1. The purpose for which the petitioner retained the lawyer: Mr. Avitabile was appointed by the state superior court as a special public defender to represent Mr. Hasan in his first state habeas proceeding, filed in Rockville Superior Court. Mr. Avitabile's appointment was limited to the one case in which he represented Mr. Hasan through trial, an appeal, and a request for certification by the state supreme court. 2. The client's ability to evaluate the lawyer's performance: The two men were on friendly terms, and Mr. Hasan was able to reach Mr. Avitabile by phone whenever he wished. There is no evidence of any obstacle that prevented him from directly asking Mr. Avitabile when he might receive a copy of a petition. It is more likely that he never asked this question because he did not believe that Mr. Avitabile was filing a second case on his behalf. 3. The client's financial and logistical ability to consult other lawyers or obtain new representation: This factor favors Mr. Hasan. During the time period from 1992 until the running of the AEDPA time limit in April 1997, the record discloses no other access to legal advice or representation beyond Mr. Avitabile, who remained willing to accept Mr. Hasan's collect calls. 4. The client's ability to comprehend legal materials and file the petition on his own: Mr. Hasan filed a habeas petition on his own before Mr. Avitabile was appointed to represent him, and he did so again in 2005 after their relationship had ended. It is clear that Mr. Hasan underwent something of a crash course in criminal procedure following his conviction. By 1992, it is likely that he had a working knowledge of the habeas process.

Considered as a whole, these factors do not support a conclusion that Mr. Hasan acted with reasonable diligence between 1992 and 2002 in relying upon Mr. Avitabile to file a second petition on his behalf.
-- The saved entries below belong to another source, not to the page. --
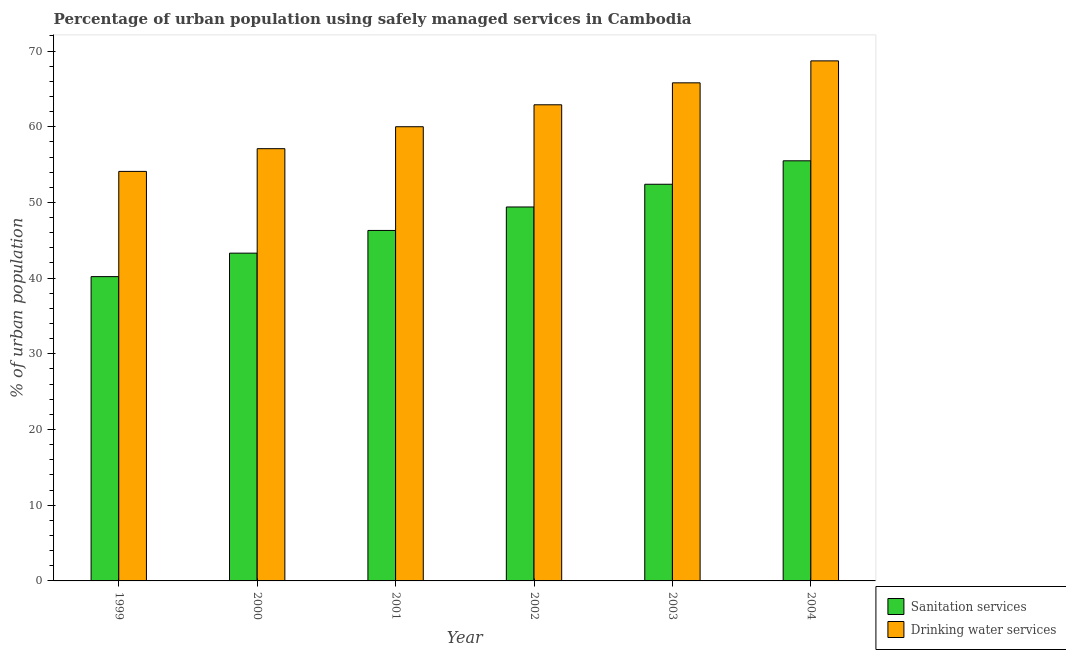How many different coloured bars are there?
Make the answer very short. 2. Are the number of bars per tick equal to the number of legend labels?
Provide a short and direct response. Yes. How many bars are there on the 4th tick from the right?
Your answer should be compact. 2. What is the label of the 4th group of bars from the left?
Your answer should be very brief. 2002. What is the percentage of urban population who used drinking water services in 2000?
Offer a very short reply. 57.1. Across all years, what is the maximum percentage of urban population who used drinking water services?
Provide a short and direct response. 68.7. Across all years, what is the minimum percentage of urban population who used drinking water services?
Keep it short and to the point. 54.1. In which year was the percentage of urban population who used drinking water services maximum?
Provide a short and direct response. 2004. In which year was the percentage of urban population who used drinking water services minimum?
Offer a very short reply. 1999. What is the total percentage of urban population who used drinking water services in the graph?
Make the answer very short. 368.6. What is the difference between the percentage of urban population who used sanitation services in 1999 and that in 2002?
Your answer should be very brief. -9.2. What is the difference between the percentage of urban population who used sanitation services in 2001 and the percentage of urban population who used drinking water services in 1999?
Your response must be concise. 6.1. What is the average percentage of urban population who used sanitation services per year?
Offer a very short reply. 47.85. What is the ratio of the percentage of urban population who used sanitation services in 1999 to that in 2000?
Offer a terse response. 0.93. Is the difference between the percentage of urban population who used sanitation services in 2002 and 2004 greater than the difference between the percentage of urban population who used drinking water services in 2002 and 2004?
Make the answer very short. No. What is the difference between the highest and the second highest percentage of urban population who used sanitation services?
Keep it short and to the point. 3.1. What is the difference between the highest and the lowest percentage of urban population who used drinking water services?
Your answer should be compact. 14.6. In how many years, is the percentage of urban population who used drinking water services greater than the average percentage of urban population who used drinking water services taken over all years?
Your response must be concise. 3. What does the 1st bar from the left in 2004 represents?
Ensure brevity in your answer.  Sanitation services. What does the 1st bar from the right in 2003 represents?
Your response must be concise. Drinking water services. Are all the bars in the graph horizontal?
Your answer should be very brief. No. How many years are there in the graph?
Give a very brief answer. 6. Where does the legend appear in the graph?
Your answer should be compact. Bottom right. What is the title of the graph?
Give a very brief answer. Percentage of urban population using safely managed services in Cambodia. Does "Travel Items" appear as one of the legend labels in the graph?
Your answer should be compact. No. What is the label or title of the X-axis?
Your response must be concise. Year. What is the label or title of the Y-axis?
Provide a short and direct response. % of urban population. What is the % of urban population of Sanitation services in 1999?
Offer a terse response. 40.2. What is the % of urban population of Drinking water services in 1999?
Your answer should be very brief. 54.1. What is the % of urban population in Sanitation services in 2000?
Keep it short and to the point. 43.3. What is the % of urban population of Drinking water services in 2000?
Offer a terse response. 57.1. What is the % of urban population in Sanitation services in 2001?
Make the answer very short. 46.3. What is the % of urban population in Sanitation services in 2002?
Offer a very short reply. 49.4. What is the % of urban population in Drinking water services in 2002?
Give a very brief answer. 62.9. What is the % of urban population in Sanitation services in 2003?
Offer a very short reply. 52.4. What is the % of urban population in Drinking water services in 2003?
Offer a terse response. 65.8. What is the % of urban population of Sanitation services in 2004?
Provide a short and direct response. 55.5. What is the % of urban population of Drinking water services in 2004?
Provide a short and direct response. 68.7. Across all years, what is the maximum % of urban population in Sanitation services?
Your answer should be compact. 55.5. Across all years, what is the maximum % of urban population in Drinking water services?
Offer a very short reply. 68.7. Across all years, what is the minimum % of urban population of Sanitation services?
Ensure brevity in your answer.  40.2. Across all years, what is the minimum % of urban population in Drinking water services?
Your answer should be very brief. 54.1. What is the total % of urban population of Sanitation services in the graph?
Your answer should be very brief. 287.1. What is the total % of urban population in Drinking water services in the graph?
Make the answer very short. 368.6. What is the difference between the % of urban population of Sanitation services in 1999 and that in 2000?
Provide a short and direct response. -3.1. What is the difference between the % of urban population of Drinking water services in 1999 and that in 2000?
Provide a succinct answer. -3. What is the difference between the % of urban population of Sanitation services in 1999 and that in 2001?
Your answer should be compact. -6.1. What is the difference between the % of urban population of Drinking water services in 1999 and that in 2002?
Your answer should be compact. -8.8. What is the difference between the % of urban population of Sanitation services in 1999 and that in 2003?
Offer a very short reply. -12.2. What is the difference between the % of urban population in Sanitation services in 1999 and that in 2004?
Make the answer very short. -15.3. What is the difference between the % of urban population of Drinking water services in 1999 and that in 2004?
Make the answer very short. -14.6. What is the difference between the % of urban population of Sanitation services in 2000 and that in 2001?
Give a very brief answer. -3. What is the difference between the % of urban population of Sanitation services in 2000 and that in 2003?
Your answer should be compact. -9.1. What is the difference between the % of urban population of Drinking water services in 2000 and that in 2003?
Offer a very short reply. -8.7. What is the difference between the % of urban population in Sanitation services in 2001 and that in 2002?
Your answer should be very brief. -3.1. What is the difference between the % of urban population of Drinking water services in 2001 and that in 2002?
Provide a succinct answer. -2.9. What is the difference between the % of urban population in Sanitation services in 2001 and that in 2003?
Your answer should be compact. -6.1. What is the difference between the % of urban population of Drinking water services in 2002 and that in 2003?
Make the answer very short. -2.9. What is the difference between the % of urban population in Sanitation services in 2002 and that in 2004?
Keep it short and to the point. -6.1. What is the difference between the % of urban population of Drinking water services in 2002 and that in 2004?
Provide a short and direct response. -5.8. What is the difference between the % of urban population of Sanitation services in 1999 and the % of urban population of Drinking water services in 2000?
Provide a succinct answer. -16.9. What is the difference between the % of urban population of Sanitation services in 1999 and the % of urban population of Drinking water services in 2001?
Offer a terse response. -19.8. What is the difference between the % of urban population in Sanitation services in 1999 and the % of urban population in Drinking water services in 2002?
Your answer should be compact. -22.7. What is the difference between the % of urban population in Sanitation services in 1999 and the % of urban population in Drinking water services in 2003?
Keep it short and to the point. -25.6. What is the difference between the % of urban population of Sanitation services in 1999 and the % of urban population of Drinking water services in 2004?
Give a very brief answer. -28.5. What is the difference between the % of urban population in Sanitation services in 2000 and the % of urban population in Drinking water services in 2001?
Offer a terse response. -16.7. What is the difference between the % of urban population in Sanitation services in 2000 and the % of urban population in Drinking water services in 2002?
Your answer should be very brief. -19.6. What is the difference between the % of urban population of Sanitation services in 2000 and the % of urban population of Drinking water services in 2003?
Your answer should be very brief. -22.5. What is the difference between the % of urban population of Sanitation services in 2000 and the % of urban population of Drinking water services in 2004?
Keep it short and to the point. -25.4. What is the difference between the % of urban population in Sanitation services in 2001 and the % of urban population in Drinking water services in 2002?
Keep it short and to the point. -16.6. What is the difference between the % of urban population of Sanitation services in 2001 and the % of urban population of Drinking water services in 2003?
Your answer should be very brief. -19.5. What is the difference between the % of urban population in Sanitation services in 2001 and the % of urban population in Drinking water services in 2004?
Make the answer very short. -22.4. What is the difference between the % of urban population of Sanitation services in 2002 and the % of urban population of Drinking water services in 2003?
Keep it short and to the point. -16.4. What is the difference between the % of urban population in Sanitation services in 2002 and the % of urban population in Drinking water services in 2004?
Your answer should be very brief. -19.3. What is the difference between the % of urban population in Sanitation services in 2003 and the % of urban population in Drinking water services in 2004?
Ensure brevity in your answer.  -16.3. What is the average % of urban population in Sanitation services per year?
Your response must be concise. 47.85. What is the average % of urban population of Drinking water services per year?
Your answer should be very brief. 61.43. In the year 1999, what is the difference between the % of urban population of Sanitation services and % of urban population of Drinking water services?
Your response must be concise. -13.9. In the year 2000, what is the difference between the % of urban population in Sanitation services and % of urban population in Drinking water services?
Offer a very short reply. -13.8. In the year 2001, what is the difference between the % of urban population in Sanitation services and % of urban population in Drinking water services?
Keep it short and to the point. -13.7. In the year 2002, what is the difference between the % of urban population in Sanitation services and % of urban population in Drinking water services?
Your answer should be very brief. -13.5. What is the ratio of the % of urban population of Sanitation services in 1999 to that in 2000?
Your response must be concise. 0.93. What is the ratio of the % of urban population in Drinking water services in 1999 to that in 2000?
Your answer should be very brief. 0.95. What is the ratio of the % of urban population in Sanitation services in 1999 to that in 2001?
Your response must be concise. 0.87. What is the ratio of the % of urban population in Drinking water services in 1999 to that in 2001?
Give a very brief answer. 0.9. What is the ratio of the % of urban population of Sanitation services in 1999 to that in 2002?
Provide a short and direct response. 0.81. What is the ratio of the % of urban population of Drinking water services in 1999 to that in 2002?
Offer a very short reply. 0.86. What is the ratio of the % of urban population of Sanitation services in 1999 to that in 2003?
Offer a very short reply. 0.77. What is the ratio of the % of urban population in Drinking water services in 1999 to that in 2003?
Make the answer very short. 0.82. What is the ratio of the % of urban population in Sanitation services in 1999 to that in 2004?
Provide a short and direct response. 0.72. What is the ratio of the % of urban population of Drinking water services in 1999 to that in 2004?
Keep it short and to the point. 0.79. What is the ratio of the % of urban population of Sanitation services in 2000 to that in 2001?
Provide a succinct answer. 0.94. What is the ratio of the % of urban population in Drinking water services in 2000 to that in 2001?
Ensure brevity in your answer.  0.95. What is the ratio of the % of urban population in Sanitation services in 2000 to that in 2002?
Ensure brevity in your answer.  0.88. What is the ratio of the % of urban population in Drinking water services in 2000 to that in 2002?
Offer a terse response. 0.91. What is the ratio of the % of urban population in Sanitation services in 2000 to that in 2003?
Offer a terse response. 0.83. What is the ratio of the % of urban population in Drinking water services in 2000 to that in 2003?
Your answer should be compact. 0.87. What is the ratio of the % of urban population of Sanitation services in 2000 to that in 2004?
Provide a succinct answer. 0.78. What is the ratio of the % of urban population in Drinking water services in 2000 to that in 2004?
Provide a succinct answer. 0.83. What is the ratio of the % of urban population of Sanitation services in 2001 to that in 2002?
Make the answer very short. 0.94. What is the ratio of the % of urban population in Drinking water services in 2001 to that in 2002?
Provide a succinct answer. 0.95. What is the ratio of the % of urban population in Sanitation services in 2001 to that in 2003?
Give a very brief answer. 0.88. What is the ratio of the % of urban population of Drinking water services in 2001 to that in 2003?
Make the answer very short. 0.91. What is the ratio of the % of urban population in Sanitation services in 2001 to that in 2004?
Provide a short and direct response. 0.83. What is the ratio of the % of urban population in Drinking water services in 2001 to that in 2004?
Offer a terse response. 0.87. What is the ratio of the % of urban population in Sanitation services in 2002 to that in 2003?
Ensure brevity in your answer.  0.94. What is the ratio of the % of urban population of Drinking water services in 2002 to that in 2003?
Your answer should be very brief. 0.96. What is the ratio of the % of urban population in Sanitation services in 2002 to that in 2004?
Make the answer very short. 0.89. What is the ratio of the % of urban population of Drinking water services in 2002 to that in 2004?
Offer a terse response. 0.92. What is the ratio of the % of urban population of Sanitation services in 2003 to that in 2004?
Your response must be concise. 0.94. What is the ratio of the % of urban population of Drinking water services in 2003 to that in 2004?
Ensure brevity in your answer.  0.96. What is the difference between the highest and the second highest % of urban population in Sanitation services?
Your answer should be very brief. 3.1. What is the difference between the highest and the second highest % of urban population in Drinking water services?
Provide a short and direct response. 2.9. What is the difference between the highest and the lowest % of urban population in Sanitation services?
Offer a very short reply. 15.3. What is the difference between the highest and the lowest % of urban population of Drinking water services?
Give a very brief answer. 14.6.

Finally, there is the question of the period of time between 2002 and the filing of the second state petition in 2005. Mr. Avitabile and Mr. Hasan agree that their relationship cooled and their contact came to an end in 2002. It is also undisputed that Mr. Hasan knew that Mr. Avitabile had not filed a second petition on his behalf by the end of 2002 at the latest, and that there was a one-year time limit to initiate such a proceeding. Yet, Mr. Hasan filed nothing during the years 2003 and 2004, thereby placing a federal claim far beyond any possible period of equitable tolling.

IV. Conclusion

For these reasons, the court GRANTS Respondent's Motion to Dismiss (Doc. 11).